● TASK BRIEF: Where the records below show a line containing "- bread (0,153,127,337)", start copying; end with the line containing "#2 broccoli [636,360,639,427]", and copy it too.

[Source records]
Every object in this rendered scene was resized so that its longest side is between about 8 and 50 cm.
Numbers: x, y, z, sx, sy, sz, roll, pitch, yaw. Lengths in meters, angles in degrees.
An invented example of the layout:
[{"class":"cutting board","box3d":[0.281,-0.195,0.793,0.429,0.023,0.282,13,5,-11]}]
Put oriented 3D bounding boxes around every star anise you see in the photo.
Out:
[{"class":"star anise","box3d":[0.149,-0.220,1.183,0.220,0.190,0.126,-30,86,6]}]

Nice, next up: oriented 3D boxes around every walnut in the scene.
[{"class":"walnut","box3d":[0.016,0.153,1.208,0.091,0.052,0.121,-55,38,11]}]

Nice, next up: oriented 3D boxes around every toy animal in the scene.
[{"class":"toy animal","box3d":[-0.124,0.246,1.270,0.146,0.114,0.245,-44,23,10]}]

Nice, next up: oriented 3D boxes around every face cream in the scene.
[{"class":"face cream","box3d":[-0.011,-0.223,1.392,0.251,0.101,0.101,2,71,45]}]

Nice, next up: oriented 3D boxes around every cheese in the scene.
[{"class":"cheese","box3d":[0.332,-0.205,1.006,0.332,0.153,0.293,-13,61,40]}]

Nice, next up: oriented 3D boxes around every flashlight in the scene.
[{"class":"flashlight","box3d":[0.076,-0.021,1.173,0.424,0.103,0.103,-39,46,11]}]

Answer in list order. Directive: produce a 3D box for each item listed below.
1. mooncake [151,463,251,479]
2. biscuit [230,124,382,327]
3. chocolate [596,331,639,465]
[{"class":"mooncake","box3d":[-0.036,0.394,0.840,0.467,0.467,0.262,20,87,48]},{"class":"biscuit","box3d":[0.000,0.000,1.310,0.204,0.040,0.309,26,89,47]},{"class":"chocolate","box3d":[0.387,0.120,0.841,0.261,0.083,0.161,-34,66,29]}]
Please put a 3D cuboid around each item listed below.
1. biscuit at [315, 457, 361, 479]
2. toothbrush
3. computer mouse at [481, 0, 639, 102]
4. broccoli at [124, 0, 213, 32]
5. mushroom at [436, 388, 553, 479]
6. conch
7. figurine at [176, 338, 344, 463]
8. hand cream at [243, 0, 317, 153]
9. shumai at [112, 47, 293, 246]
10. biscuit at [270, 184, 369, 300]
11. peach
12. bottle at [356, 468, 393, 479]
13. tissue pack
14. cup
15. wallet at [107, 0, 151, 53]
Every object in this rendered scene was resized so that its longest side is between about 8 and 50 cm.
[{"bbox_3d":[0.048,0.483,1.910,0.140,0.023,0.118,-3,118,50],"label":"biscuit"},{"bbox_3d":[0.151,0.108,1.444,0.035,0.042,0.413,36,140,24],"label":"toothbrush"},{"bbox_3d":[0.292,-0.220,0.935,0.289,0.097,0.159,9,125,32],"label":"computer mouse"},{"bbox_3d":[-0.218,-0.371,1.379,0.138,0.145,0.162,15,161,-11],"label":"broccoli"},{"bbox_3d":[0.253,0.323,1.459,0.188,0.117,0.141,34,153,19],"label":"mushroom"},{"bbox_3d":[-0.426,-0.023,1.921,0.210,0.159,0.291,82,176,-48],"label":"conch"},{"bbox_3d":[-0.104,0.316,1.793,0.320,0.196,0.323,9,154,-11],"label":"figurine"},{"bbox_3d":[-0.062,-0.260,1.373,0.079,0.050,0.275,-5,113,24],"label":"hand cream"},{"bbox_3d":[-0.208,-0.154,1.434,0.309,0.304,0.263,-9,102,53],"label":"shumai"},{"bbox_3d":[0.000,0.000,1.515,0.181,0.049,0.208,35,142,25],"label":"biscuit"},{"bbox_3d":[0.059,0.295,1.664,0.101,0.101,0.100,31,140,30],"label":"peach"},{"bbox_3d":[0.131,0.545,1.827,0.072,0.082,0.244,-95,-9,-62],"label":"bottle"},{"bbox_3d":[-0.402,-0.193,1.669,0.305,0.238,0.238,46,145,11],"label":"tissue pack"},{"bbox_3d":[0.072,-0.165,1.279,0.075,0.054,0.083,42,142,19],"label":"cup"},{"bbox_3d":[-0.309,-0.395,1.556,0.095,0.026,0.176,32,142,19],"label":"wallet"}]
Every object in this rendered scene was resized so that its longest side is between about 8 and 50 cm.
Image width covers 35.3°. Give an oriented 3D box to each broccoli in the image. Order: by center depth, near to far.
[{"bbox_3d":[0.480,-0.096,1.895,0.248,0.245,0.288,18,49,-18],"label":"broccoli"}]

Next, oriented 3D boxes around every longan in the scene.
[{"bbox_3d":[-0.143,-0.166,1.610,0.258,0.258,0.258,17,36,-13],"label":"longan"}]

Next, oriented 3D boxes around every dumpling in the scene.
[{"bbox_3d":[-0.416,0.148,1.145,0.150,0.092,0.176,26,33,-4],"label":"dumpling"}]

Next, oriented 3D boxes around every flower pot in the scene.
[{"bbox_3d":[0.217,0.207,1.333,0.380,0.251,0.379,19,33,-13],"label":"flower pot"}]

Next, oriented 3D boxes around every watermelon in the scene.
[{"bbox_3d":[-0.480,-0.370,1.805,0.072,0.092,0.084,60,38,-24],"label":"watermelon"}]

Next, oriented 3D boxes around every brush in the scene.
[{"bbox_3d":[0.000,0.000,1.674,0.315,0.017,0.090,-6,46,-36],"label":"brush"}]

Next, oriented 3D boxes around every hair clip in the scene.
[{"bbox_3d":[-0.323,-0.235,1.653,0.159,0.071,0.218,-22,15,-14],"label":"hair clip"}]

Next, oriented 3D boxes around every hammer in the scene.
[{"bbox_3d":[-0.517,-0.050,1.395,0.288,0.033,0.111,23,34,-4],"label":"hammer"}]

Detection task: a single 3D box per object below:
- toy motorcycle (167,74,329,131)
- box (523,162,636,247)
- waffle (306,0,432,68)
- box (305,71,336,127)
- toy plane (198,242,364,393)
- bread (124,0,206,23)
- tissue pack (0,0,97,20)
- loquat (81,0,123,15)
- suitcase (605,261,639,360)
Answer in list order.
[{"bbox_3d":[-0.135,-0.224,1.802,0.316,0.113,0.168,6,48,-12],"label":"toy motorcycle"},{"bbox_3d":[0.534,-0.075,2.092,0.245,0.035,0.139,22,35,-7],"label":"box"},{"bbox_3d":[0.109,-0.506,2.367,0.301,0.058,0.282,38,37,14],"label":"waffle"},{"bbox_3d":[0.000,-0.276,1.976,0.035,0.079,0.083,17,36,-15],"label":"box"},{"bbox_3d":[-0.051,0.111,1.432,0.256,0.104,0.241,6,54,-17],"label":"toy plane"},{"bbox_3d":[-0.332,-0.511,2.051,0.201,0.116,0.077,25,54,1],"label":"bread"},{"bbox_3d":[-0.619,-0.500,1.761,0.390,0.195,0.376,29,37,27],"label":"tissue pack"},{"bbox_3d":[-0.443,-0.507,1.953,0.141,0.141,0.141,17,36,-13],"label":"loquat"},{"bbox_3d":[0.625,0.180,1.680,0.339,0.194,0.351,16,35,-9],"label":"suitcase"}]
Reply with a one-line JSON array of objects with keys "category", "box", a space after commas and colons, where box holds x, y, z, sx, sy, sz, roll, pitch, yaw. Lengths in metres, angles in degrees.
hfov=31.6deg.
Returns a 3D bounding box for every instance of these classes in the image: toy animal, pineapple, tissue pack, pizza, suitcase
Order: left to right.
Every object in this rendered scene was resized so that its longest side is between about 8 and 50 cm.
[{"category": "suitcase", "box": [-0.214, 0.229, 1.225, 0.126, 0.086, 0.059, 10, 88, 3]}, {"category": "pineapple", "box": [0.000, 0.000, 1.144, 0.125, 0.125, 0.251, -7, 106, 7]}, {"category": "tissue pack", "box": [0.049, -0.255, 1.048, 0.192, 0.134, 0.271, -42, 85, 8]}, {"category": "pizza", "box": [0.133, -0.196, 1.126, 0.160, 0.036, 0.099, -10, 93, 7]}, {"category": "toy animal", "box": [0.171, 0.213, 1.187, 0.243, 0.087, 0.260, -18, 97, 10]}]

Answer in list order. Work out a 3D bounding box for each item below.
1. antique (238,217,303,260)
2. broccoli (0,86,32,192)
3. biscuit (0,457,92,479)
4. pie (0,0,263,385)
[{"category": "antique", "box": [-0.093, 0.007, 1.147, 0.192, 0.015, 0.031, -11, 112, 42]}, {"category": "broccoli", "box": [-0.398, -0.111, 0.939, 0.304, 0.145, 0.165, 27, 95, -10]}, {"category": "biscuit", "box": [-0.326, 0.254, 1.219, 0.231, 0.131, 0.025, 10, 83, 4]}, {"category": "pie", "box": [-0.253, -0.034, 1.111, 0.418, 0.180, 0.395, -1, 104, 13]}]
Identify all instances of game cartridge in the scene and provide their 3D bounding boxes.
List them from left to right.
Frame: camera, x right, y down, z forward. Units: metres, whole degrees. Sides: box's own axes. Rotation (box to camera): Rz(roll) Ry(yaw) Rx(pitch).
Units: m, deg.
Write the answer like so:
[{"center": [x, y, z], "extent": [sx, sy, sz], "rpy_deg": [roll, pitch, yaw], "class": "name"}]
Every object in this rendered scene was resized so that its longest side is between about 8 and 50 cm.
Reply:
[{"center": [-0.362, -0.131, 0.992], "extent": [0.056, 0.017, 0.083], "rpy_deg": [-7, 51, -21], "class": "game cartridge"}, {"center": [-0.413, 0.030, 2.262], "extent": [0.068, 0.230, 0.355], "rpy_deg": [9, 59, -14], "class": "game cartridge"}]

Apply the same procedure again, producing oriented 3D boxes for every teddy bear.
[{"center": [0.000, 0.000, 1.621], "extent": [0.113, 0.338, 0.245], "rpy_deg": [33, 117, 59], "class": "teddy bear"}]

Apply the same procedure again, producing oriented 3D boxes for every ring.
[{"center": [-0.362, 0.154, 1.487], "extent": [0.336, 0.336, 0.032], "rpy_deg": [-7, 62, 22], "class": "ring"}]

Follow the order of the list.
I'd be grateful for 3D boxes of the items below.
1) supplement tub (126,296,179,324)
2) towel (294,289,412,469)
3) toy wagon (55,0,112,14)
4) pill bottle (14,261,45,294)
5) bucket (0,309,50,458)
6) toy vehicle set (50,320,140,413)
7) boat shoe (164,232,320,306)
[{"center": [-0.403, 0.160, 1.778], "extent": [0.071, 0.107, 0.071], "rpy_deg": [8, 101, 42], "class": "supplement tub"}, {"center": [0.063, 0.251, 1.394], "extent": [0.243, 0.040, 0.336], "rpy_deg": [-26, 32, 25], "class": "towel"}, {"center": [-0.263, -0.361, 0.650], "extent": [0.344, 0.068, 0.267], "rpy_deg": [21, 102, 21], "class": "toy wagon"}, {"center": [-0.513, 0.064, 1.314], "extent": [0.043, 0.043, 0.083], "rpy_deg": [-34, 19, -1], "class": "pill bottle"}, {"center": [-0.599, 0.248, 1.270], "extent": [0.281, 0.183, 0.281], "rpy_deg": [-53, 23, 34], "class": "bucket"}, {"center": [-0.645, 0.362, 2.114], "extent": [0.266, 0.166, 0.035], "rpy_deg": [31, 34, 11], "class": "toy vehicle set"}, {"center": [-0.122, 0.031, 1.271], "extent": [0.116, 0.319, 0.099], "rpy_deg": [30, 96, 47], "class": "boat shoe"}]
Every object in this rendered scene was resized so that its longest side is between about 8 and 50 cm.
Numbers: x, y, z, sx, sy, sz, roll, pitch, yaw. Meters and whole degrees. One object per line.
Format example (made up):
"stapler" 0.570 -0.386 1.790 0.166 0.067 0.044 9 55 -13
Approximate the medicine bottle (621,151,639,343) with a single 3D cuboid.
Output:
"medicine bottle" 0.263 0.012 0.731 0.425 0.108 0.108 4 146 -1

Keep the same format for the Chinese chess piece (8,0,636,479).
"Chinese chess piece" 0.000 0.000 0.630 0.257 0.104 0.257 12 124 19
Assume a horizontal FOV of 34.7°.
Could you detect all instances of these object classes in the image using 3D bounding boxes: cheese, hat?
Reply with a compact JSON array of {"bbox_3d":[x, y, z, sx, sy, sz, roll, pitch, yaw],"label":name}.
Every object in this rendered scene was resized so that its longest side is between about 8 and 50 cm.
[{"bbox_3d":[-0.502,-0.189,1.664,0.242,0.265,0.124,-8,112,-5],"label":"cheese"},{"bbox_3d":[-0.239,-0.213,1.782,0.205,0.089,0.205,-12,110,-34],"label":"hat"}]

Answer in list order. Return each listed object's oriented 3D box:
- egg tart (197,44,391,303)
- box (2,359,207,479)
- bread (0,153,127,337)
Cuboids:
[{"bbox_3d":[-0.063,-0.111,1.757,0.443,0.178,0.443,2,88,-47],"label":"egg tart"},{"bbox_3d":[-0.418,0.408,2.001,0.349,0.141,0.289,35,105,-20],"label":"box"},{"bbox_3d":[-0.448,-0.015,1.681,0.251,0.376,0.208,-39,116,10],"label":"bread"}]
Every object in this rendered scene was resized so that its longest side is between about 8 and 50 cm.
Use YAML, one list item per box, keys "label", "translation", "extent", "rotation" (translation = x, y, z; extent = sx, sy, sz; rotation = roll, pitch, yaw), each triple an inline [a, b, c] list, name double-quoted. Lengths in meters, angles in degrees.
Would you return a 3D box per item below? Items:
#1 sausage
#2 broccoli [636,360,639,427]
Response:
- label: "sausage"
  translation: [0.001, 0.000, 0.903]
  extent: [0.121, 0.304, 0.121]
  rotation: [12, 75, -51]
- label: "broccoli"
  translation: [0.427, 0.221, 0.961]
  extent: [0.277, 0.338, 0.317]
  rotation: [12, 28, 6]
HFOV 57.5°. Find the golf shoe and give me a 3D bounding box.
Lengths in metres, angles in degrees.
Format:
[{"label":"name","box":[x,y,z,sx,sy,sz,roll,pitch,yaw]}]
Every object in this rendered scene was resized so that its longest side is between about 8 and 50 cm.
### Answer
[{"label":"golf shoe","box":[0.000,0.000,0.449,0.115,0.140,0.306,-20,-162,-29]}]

● TASK SOLUTION:
- bread (0,153,127,337)
Cuboids:
[{"bbox_3d":[-0.063,-0.111,1.757,0.443,0.178,0.443,2,88,-47],"label":"egg tart"},{"bbox_3d":[-0.418,0.408,2.001,0.349,0.141,0.289,35,105,-20],"label":"box"},{"bbox_3d":[-0.448,-0.015,1.681,0.251,0.376,0.208,-39,116,10],"label":"bread"}]
Every object in this rendered scene was resized so that its longest side is between about 8 and 50 cm.
Use YAML, one list item per box, keys "label", "translation", "extent", "rotation" (translation = x, y, z; extent = sx, sy, sz; rotation = roll, pitch, yaw), each triple an inline [a, b, c] list, name double-quoted. Lengths in meters, angles in degrees.
Would you return a 3D box per item below? Items:
#1 sausage
#2 broccoli [636,360,639,427]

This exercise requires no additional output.